(Dataset records)
Segment Open
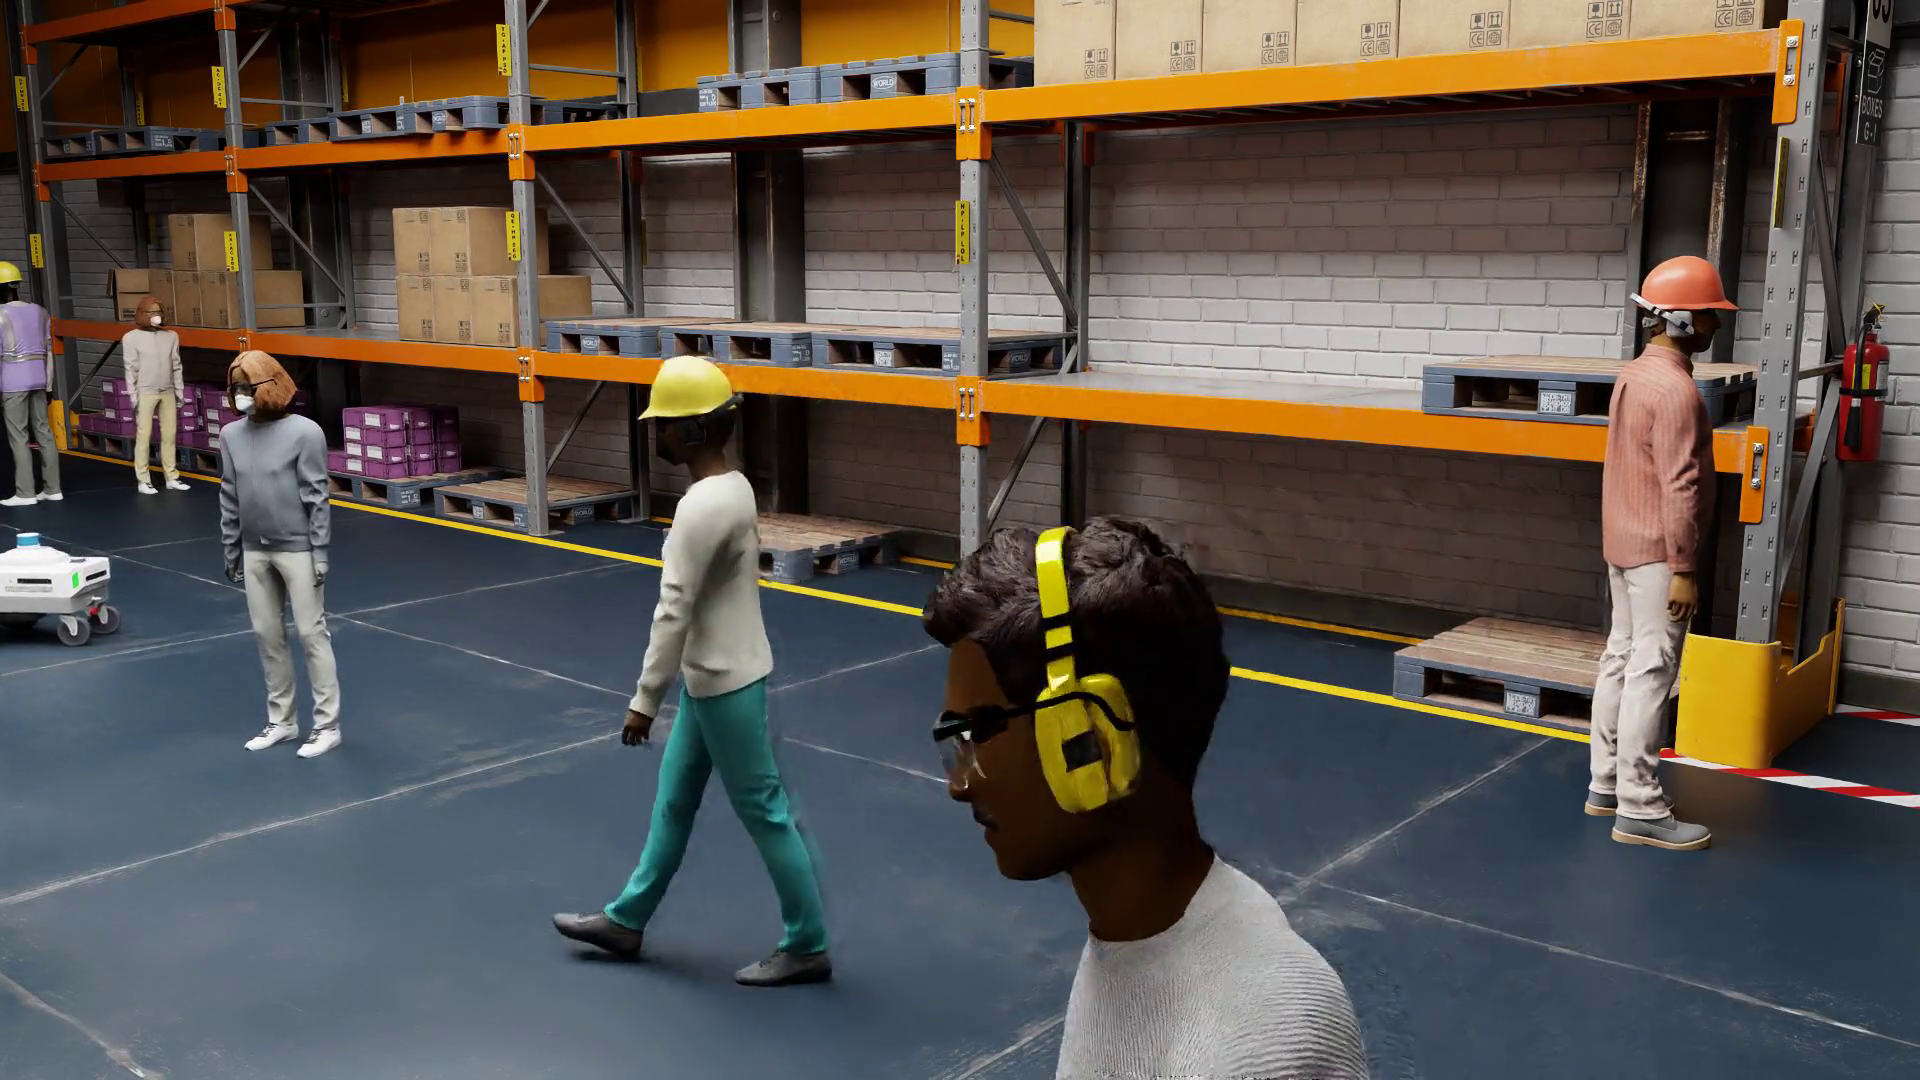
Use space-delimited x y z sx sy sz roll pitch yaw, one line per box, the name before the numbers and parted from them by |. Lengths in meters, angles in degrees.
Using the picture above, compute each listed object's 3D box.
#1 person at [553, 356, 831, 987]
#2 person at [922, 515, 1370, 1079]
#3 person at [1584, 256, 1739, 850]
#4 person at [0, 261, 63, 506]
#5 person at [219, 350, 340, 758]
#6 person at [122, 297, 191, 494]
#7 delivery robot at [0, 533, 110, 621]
person | -0.755 0.378 4.504 0.865 1.724 0.542 0 10 0
person | 0.142 0.889 1.392 0.944 1.810 0.480 -1 10 -8
person | 2.383 0.041 5.676 0.381 1.994 0.622 1 10 4
person | -7.420 -1.226 13.117 0.397 1.919 0.589 4 11 19
person | -2.735 0.056 6.654 0.508 1.623 0.294 3 10 17
person | -6.658 -1.192 13.764 0.284 1.626 0.492 6 12 31
delivery robot | -4.777 0.207 8.563 0.707 0.478 0.477 1 10 4
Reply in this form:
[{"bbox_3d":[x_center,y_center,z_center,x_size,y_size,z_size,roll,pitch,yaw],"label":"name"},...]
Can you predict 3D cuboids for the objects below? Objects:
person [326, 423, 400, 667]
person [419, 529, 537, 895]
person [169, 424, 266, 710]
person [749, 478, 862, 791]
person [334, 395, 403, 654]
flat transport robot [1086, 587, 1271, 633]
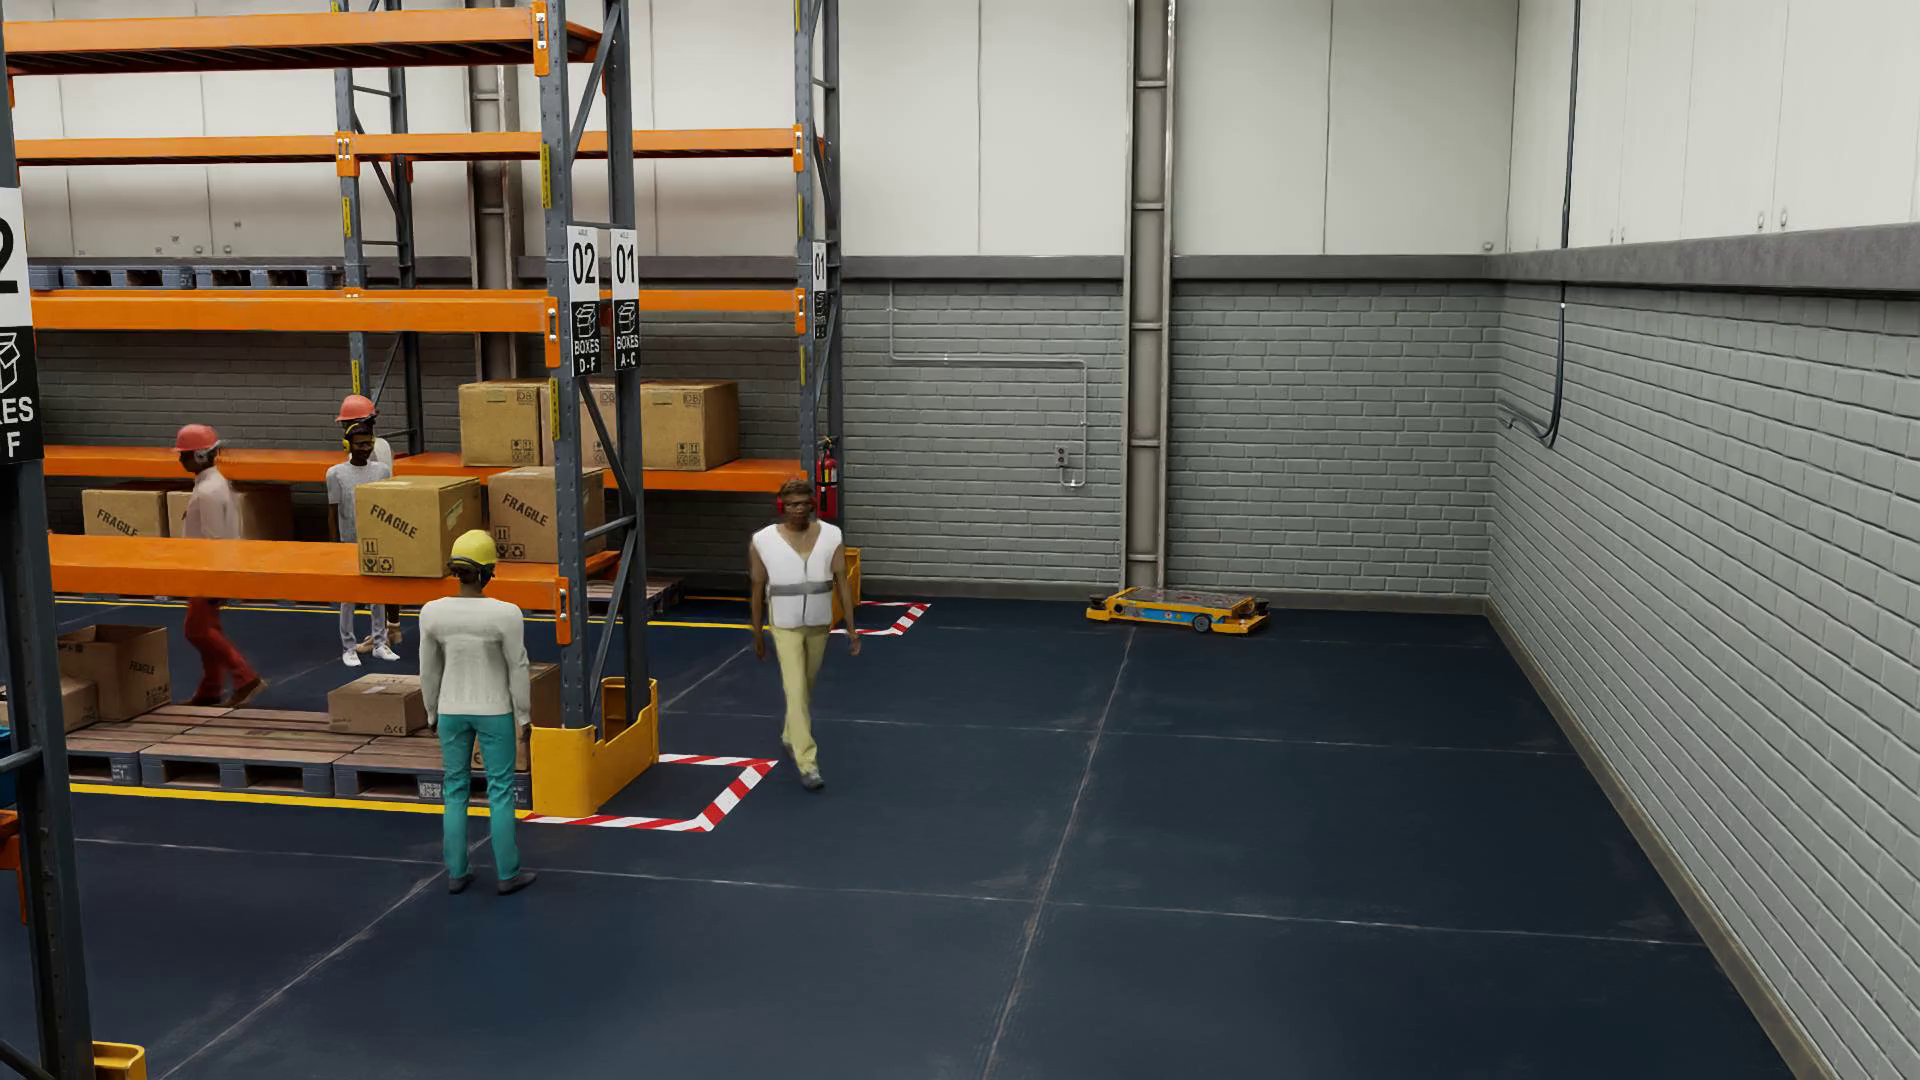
[{"bbox_3d":[-4.540,0.033,12.650,0.510,1.861,0.327,-8,12,-42],"label":"person"},{"bbox_3d":[-2.313,0.828,8.000,0.533,1.767,0.326,1,9,6],"label":"person"},{"bbox_3d":[-5.086,0.200,11.239,0.513,1.975,0.626,-3,10,-19],"label":"person"},{"bbox_3d":[-0.933,0.519,9.827,0.591,1.797,0.966,-4,10,-25],"label":"person"},{"bbox_3d":[-4.656,-0.122,13.068,0.407,2.034,0.607,1,9,4],"label":"person"},{"bbox_3d":[1.859,0.580,14.163,1.431,0.197,0.652,5,10,27],"label":"flat transport robot"}]
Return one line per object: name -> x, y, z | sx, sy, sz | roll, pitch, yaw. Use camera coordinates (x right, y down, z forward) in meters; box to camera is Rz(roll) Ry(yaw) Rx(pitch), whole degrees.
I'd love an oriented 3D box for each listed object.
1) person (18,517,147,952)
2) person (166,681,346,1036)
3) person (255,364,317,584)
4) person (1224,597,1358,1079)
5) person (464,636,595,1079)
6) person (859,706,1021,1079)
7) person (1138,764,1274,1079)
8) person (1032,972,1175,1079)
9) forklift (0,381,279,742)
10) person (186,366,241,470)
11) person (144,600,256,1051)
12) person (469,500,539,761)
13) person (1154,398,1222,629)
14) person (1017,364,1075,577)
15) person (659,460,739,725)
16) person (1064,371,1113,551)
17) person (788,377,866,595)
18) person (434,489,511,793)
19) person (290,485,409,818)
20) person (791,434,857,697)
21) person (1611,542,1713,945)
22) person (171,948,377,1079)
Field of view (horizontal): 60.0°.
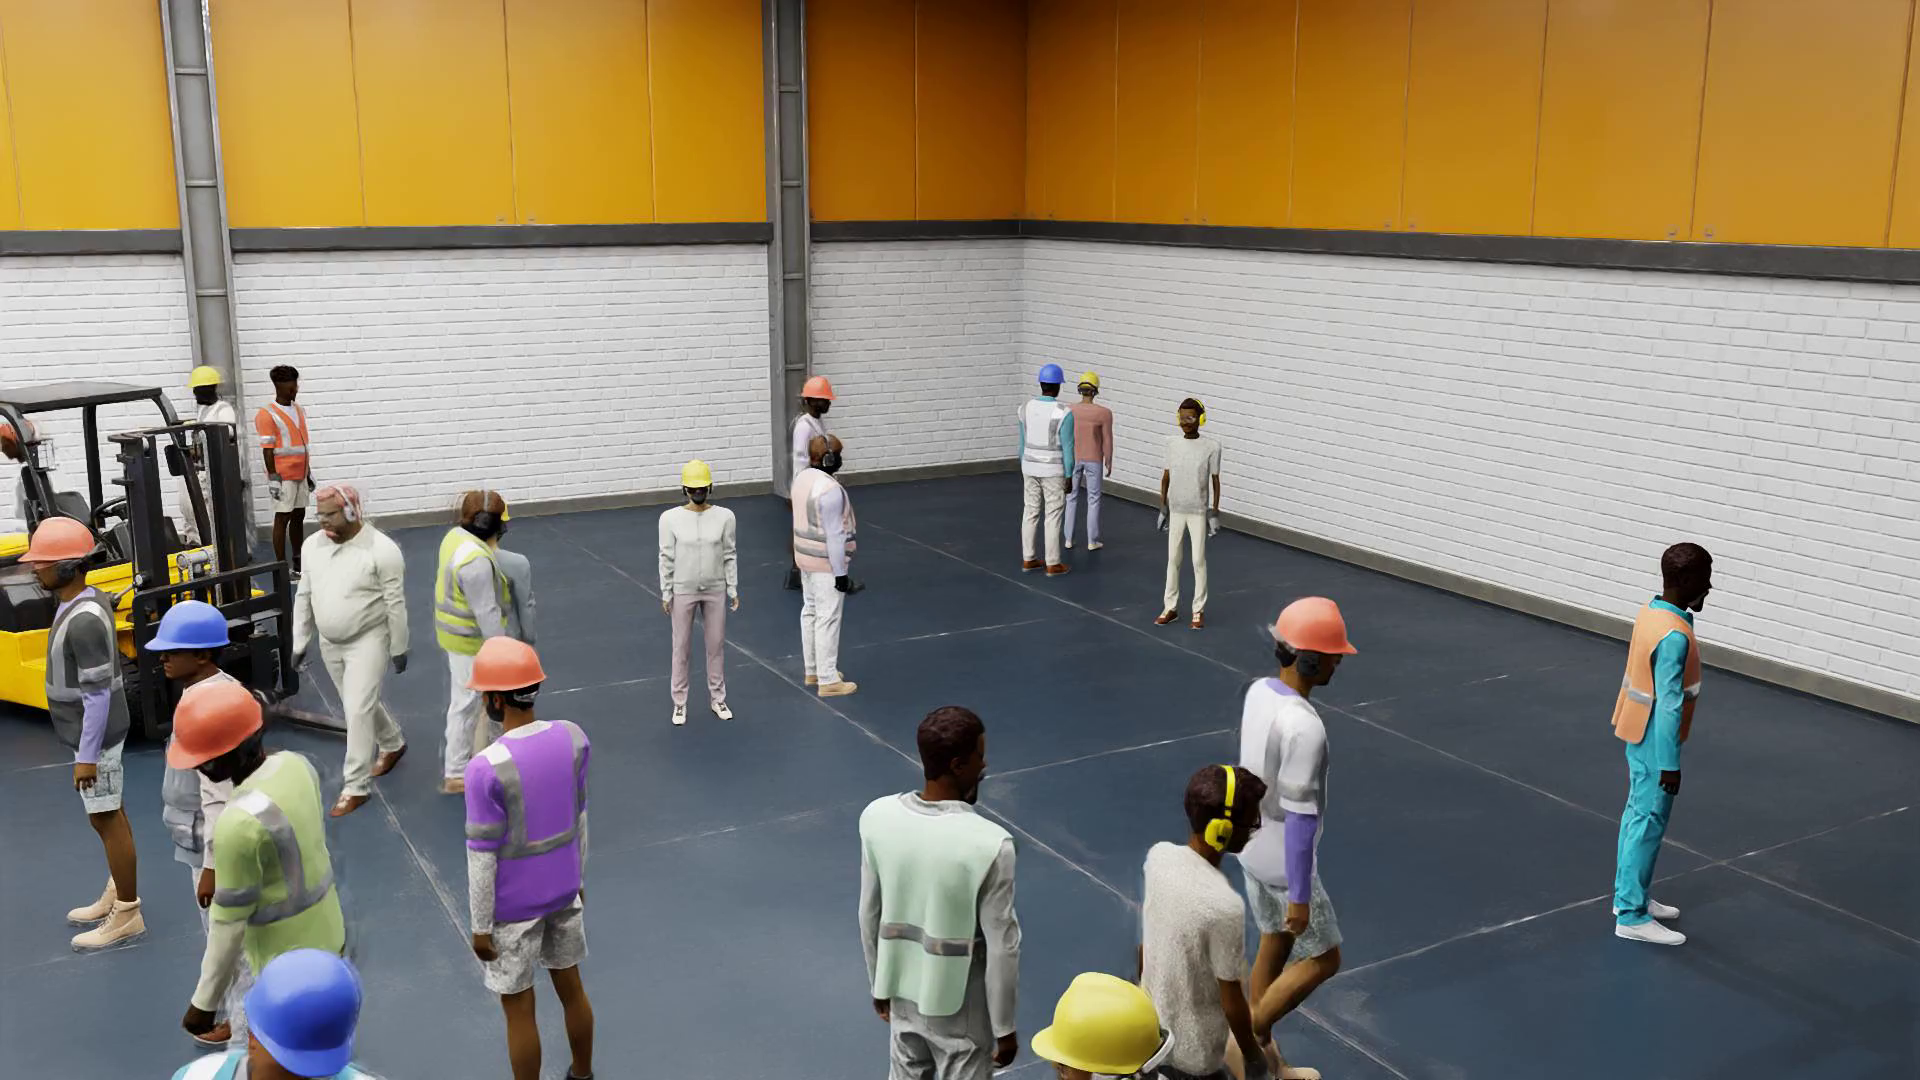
Segment Closed
• [What needs to be done]: Among the entries above, the lines between the ones containing "Using the picture" and "#6 person at [122, 297, 191, 494]", inclusive, are to be transcribed exactly. No other line is to be given.

• [Answer space]:
Using the picture above, compute each listed object's 3D box.
#1 person at [553, 356, 831, 987]
#2 person at [922, 515, 1370, 1079]
#3 person at [1584, 256, 1739, 850]
#4 person at [0, 261, 63, 506]
#5 person at [219, 350, 340, 758]
#6 person at [122, 297, 191, 494]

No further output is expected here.